* Activity
Transcribe the data exactly, pictures excluded.

* Dataset content
[Start of section]

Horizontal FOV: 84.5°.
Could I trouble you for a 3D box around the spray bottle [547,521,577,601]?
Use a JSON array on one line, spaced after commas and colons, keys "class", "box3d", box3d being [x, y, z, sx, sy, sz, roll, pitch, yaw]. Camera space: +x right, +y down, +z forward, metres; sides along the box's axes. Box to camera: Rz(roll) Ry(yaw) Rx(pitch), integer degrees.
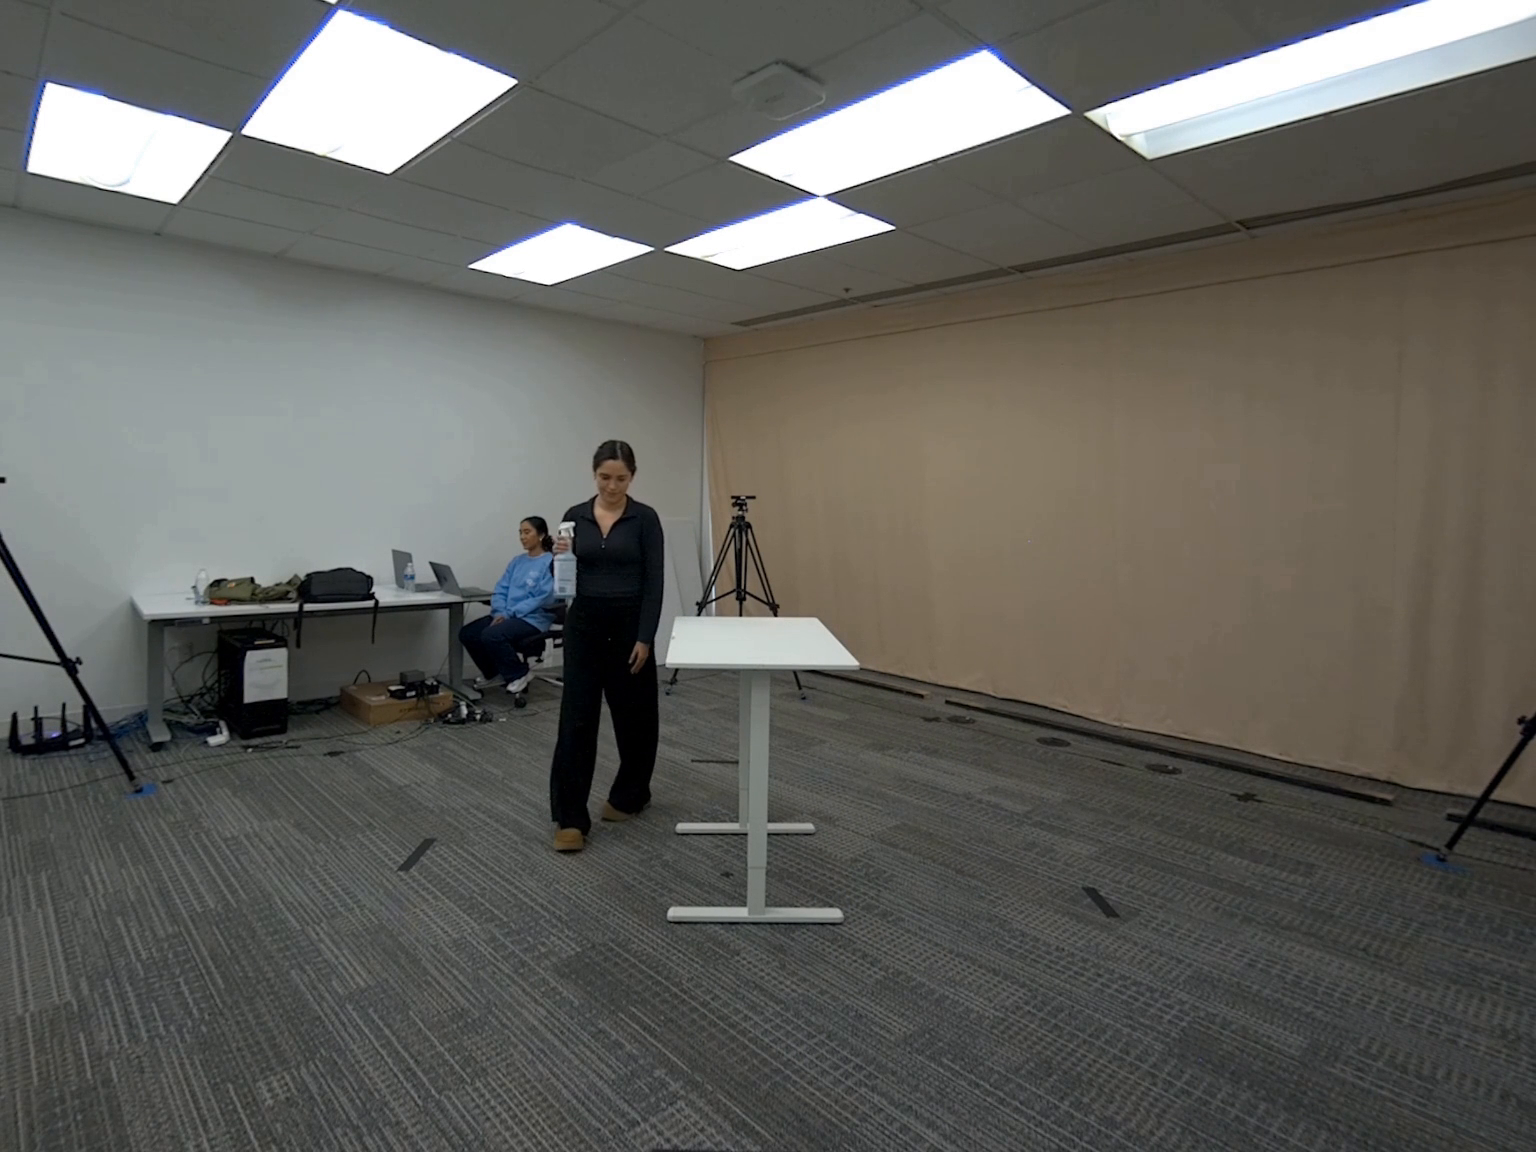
[{"class": "spray bottle", "box3d": [-0.799, -0.061, 3.279, 0.085, 0.297, 0.092, 1, 3, -26]}]

[End of section]

* The completed task
Horizontal FOV: 84.5°.
Could I trouble you for a 3D box around the spray bottle [547,521,577,601]?
Use a JSON array on one line, spaced after commas and colons, keys "class", "box3d", box3d being [x, y, z, sx, sy, sz, roll, pitch, yaw]. Camera space: +x right, +y down, +z forward, metres; sides along the box's axes. Box to camera: Rz(roll) Ry(yaw) Rx(pitch), integer degrees.
[{"class": "spray bottle", "box3d": [-0.799, -0.061, 3.279, 0.085, 0.297, 0.092, 1, 3, -26]}]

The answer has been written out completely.